## [THE TASK]
Output only the lines of the entries that follow, starting at the one with "extrude(amount=F5_DEPTH)" and running down to the one with "solid = f1.part", both included and unchanged.

## [DATA PROVIDED]
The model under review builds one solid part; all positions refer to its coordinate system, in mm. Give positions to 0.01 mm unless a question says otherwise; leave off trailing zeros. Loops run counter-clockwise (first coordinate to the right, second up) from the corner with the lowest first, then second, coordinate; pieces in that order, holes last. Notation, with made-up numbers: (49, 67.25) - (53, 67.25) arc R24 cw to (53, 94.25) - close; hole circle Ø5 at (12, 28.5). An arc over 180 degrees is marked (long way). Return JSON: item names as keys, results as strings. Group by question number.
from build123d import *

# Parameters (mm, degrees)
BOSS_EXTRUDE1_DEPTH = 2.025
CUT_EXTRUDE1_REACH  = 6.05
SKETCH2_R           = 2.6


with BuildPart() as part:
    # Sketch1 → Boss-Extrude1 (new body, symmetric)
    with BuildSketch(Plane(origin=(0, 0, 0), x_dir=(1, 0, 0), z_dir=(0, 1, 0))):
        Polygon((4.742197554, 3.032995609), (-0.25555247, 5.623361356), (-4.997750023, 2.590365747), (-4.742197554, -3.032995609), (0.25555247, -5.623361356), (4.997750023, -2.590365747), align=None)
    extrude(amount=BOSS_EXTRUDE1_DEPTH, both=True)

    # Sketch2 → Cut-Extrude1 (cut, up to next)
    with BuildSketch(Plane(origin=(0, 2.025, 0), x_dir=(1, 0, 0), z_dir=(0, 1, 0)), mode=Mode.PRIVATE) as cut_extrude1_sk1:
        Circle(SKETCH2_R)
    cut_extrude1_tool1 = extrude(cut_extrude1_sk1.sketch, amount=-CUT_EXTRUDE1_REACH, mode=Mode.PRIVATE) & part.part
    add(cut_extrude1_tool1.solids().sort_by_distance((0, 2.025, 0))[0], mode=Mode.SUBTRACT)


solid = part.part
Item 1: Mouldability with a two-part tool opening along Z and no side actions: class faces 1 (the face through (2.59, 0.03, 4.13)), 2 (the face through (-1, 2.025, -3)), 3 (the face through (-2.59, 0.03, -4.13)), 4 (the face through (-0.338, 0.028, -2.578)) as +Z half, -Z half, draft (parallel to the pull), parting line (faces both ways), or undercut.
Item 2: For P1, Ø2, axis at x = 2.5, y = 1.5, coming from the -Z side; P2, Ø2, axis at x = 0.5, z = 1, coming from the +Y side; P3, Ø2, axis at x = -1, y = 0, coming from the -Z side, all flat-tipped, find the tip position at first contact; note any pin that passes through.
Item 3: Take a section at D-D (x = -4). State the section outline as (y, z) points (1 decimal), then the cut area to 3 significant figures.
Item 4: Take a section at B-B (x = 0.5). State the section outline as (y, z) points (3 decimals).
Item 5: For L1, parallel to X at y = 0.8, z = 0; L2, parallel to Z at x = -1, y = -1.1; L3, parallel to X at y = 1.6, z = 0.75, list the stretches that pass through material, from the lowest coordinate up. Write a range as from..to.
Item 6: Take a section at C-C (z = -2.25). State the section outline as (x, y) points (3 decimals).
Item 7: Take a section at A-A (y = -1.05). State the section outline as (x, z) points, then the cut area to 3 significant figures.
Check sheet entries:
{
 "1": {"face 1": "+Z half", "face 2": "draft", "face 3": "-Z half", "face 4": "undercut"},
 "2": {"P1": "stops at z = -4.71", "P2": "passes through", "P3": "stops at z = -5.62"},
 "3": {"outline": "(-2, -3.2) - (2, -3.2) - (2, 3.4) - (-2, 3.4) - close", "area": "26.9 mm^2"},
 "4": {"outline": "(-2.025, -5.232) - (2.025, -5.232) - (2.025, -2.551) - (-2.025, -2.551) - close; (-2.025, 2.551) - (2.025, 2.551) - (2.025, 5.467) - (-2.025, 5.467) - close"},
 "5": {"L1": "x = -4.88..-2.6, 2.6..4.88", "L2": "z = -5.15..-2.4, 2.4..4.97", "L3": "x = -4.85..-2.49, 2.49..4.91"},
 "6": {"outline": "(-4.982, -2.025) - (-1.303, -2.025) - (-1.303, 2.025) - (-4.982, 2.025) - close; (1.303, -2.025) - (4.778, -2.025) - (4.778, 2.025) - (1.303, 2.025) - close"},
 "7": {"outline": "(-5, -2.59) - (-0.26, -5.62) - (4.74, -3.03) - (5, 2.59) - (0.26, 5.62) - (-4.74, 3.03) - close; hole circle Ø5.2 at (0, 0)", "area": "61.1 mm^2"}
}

* * *

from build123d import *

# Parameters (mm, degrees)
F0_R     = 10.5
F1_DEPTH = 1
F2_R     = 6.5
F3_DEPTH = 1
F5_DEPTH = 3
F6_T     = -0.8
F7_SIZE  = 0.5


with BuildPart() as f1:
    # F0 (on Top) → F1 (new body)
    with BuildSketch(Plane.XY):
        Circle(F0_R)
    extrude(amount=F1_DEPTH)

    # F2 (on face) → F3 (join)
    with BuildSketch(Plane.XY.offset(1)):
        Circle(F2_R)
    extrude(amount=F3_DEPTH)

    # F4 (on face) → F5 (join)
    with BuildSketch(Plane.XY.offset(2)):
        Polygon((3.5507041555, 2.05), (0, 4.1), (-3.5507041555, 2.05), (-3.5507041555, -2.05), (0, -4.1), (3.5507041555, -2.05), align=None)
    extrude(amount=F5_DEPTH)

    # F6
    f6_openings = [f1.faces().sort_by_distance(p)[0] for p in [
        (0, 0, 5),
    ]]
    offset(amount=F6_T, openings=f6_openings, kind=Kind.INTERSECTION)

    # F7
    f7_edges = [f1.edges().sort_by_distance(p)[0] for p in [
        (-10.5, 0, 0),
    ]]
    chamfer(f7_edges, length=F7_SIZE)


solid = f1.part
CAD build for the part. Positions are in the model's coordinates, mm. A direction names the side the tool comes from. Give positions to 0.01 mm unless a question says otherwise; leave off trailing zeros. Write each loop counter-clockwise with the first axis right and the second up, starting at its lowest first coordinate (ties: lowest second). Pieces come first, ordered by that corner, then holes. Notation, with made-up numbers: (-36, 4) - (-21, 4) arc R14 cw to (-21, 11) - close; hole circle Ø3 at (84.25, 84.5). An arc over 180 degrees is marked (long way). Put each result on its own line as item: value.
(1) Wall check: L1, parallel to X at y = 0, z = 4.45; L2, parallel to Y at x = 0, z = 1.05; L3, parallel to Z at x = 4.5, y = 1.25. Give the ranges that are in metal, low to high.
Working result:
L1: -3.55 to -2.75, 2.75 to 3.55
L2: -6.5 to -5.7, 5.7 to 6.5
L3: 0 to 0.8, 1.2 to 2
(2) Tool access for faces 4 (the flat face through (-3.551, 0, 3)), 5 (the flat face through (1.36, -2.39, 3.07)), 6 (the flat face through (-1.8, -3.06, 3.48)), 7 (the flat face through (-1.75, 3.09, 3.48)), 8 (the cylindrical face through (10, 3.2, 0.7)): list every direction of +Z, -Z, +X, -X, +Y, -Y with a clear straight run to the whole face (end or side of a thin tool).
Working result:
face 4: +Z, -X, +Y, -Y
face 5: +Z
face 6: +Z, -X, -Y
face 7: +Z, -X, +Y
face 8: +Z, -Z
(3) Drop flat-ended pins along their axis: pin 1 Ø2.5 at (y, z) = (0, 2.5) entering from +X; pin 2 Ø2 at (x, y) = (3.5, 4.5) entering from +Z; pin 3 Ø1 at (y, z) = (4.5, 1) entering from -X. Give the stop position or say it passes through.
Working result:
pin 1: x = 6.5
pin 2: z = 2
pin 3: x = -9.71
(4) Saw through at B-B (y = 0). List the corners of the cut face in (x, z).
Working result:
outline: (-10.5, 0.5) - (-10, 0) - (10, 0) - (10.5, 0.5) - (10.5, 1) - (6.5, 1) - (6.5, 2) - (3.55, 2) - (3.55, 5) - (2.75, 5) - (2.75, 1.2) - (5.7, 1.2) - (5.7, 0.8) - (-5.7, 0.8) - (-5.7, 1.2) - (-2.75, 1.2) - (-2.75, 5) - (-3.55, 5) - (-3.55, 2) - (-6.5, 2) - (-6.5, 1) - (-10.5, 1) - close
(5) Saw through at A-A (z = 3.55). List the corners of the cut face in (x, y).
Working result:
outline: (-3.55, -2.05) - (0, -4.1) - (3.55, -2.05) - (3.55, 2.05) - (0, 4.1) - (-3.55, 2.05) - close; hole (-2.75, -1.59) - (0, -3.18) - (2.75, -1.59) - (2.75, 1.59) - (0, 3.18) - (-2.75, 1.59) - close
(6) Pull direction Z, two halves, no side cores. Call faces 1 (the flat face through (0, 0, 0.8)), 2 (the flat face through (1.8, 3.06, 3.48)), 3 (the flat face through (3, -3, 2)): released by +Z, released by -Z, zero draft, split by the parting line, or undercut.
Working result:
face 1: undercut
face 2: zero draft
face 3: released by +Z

## [ANSWER TO THE EXERCISE]
    extrude(amount=F5_DEPTH)

    # F6
    f6_openings = [f1.faces().sort_by_distance(p)[0] for p in [
        (0, 0, 5),
    ]]
    offset(amount=F6_T, openings=f6_openings, kind=Kind.INTERSECTION)

    # F7
    f7_edges = [f1.edges().sort_by_distance(p)[0] for p in [
        (-10.5, 0, 0),
    ]]
    chamfer(f7_edges, length=F7_SIZE)


solid = f1.part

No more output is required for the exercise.